Chimie responsable et environnement – Uniteq s’engage

L’extincteur est avant tout un appareil rempli de produits chimiques destiné à larguer son contenu dans la nature lors de son utilisation sur un feu, mais également sujet à une obligation légale de maintenance périodique avec remplacement de la charge extinctrice.

La maintenance d’un extincteur est donc productrice de déchets chimiques.

Devant cette problématique, 2 philosophies s’affrontent :

– D’un côté, certains acteurs se focalisent essentiellement sur la biodégradabilité de l’agent extincteur , tel que mesuré par le test OECD 302B. Cet indicateur est intéressant mais incomplet car il ne prend pas en compte l’impact causé par la biodégradation du produit sur son environnement immédiat.

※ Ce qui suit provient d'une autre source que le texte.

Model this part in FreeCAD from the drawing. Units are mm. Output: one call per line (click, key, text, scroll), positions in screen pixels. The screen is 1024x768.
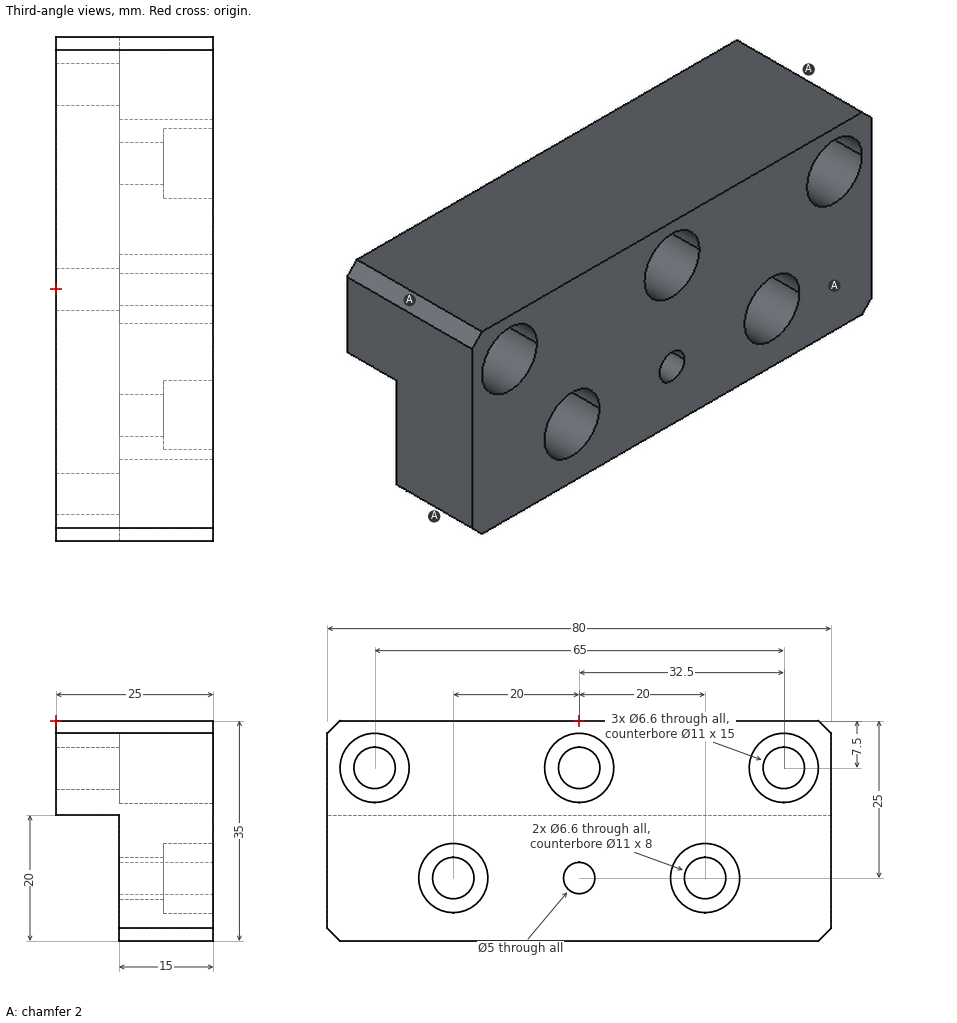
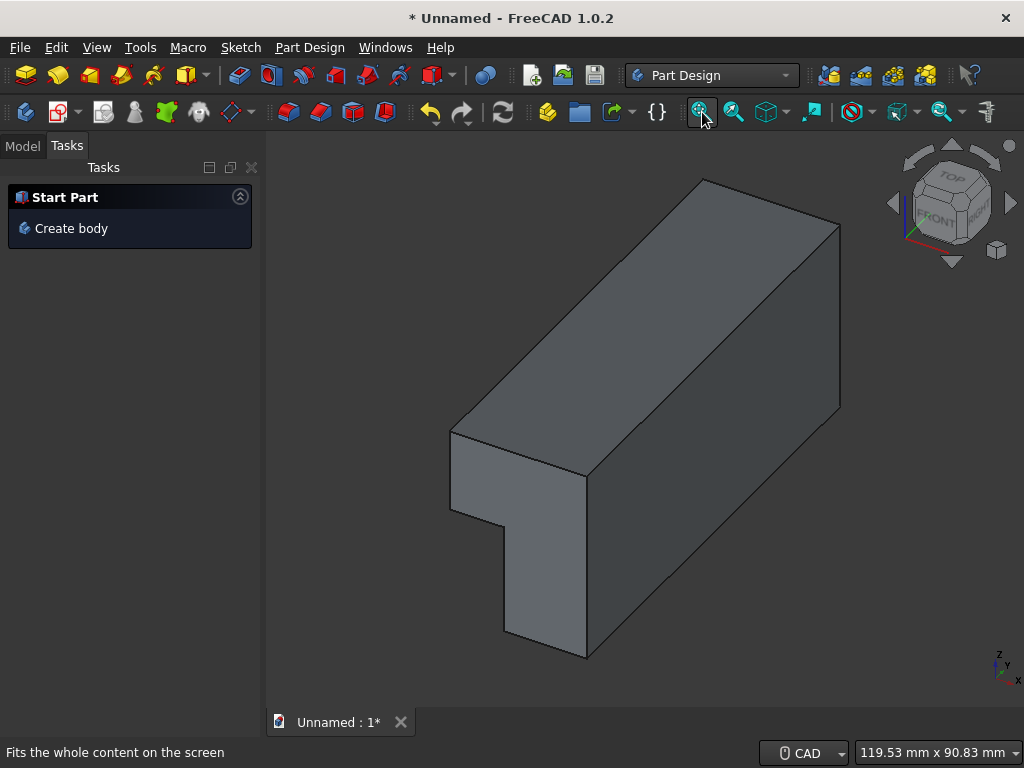
click(518, 453)

Le message induit auprès du consommateur final est donc perverti, et pourrait être résumé comme suit : « vous pouvez déverser le contenu de l’extincteur dans la nature, dans 28 jours, 99% sera déjà biodégradé », or le déversement de produits chimiques dans la nature, même fortement biodégradable, n’est pas anodin.

À titre d’exemple, une biodégradation trop rapide va augmenter ponctuellement la demande chimique en oxygène (DCO) ainsi que la demande biologique en oxygène (DBO) avec pour conséquence la raréfaction de l’oxygène dans le milieu aquatique local et donc un risque létal pour la vie aquatique.

Un produit chimique fortement biodégradable peut donc tuer par asphyxie les poissons et autres organismes marins en consommant tout l’oxygène disponible lors de sa biodégradation, par ailleurs il est peu probable que les adeptes de cette approche se portent volontaires pour consommer l’eau de leurs extincteurs, même après 99% de biodégradation !

– D’un autre côté, il existe une pression sociétale pour une chimie responsable et pour une économie de ressources par le recyclage lorsque c’est possible.

Le papier, le verre, les métaux, les plastiques sont déjà couramment recyclés et revalorisés ; cette action est acceptée et fortement encouragée dans notre société moderne, c’est même le sens de l’histoire.

Chez UNITEQ, nous pensons que la chimie responsable est celle qui est capable de reprendre et recycler les produits en fin de vie pour éviter la destruction par incinération ou le déversement non accidentel dans la nature.

Suivant cette philosophie, UNITEQ a déposé un brevet portant sur la première solution extinctrice recyclable, le BSX eco+, premier produit de la gamme UNITEQ go green.

Un circuit de collecte et de revalorisation vers une utilisation autre que les produits anti-feu est donc en cours de mise en place.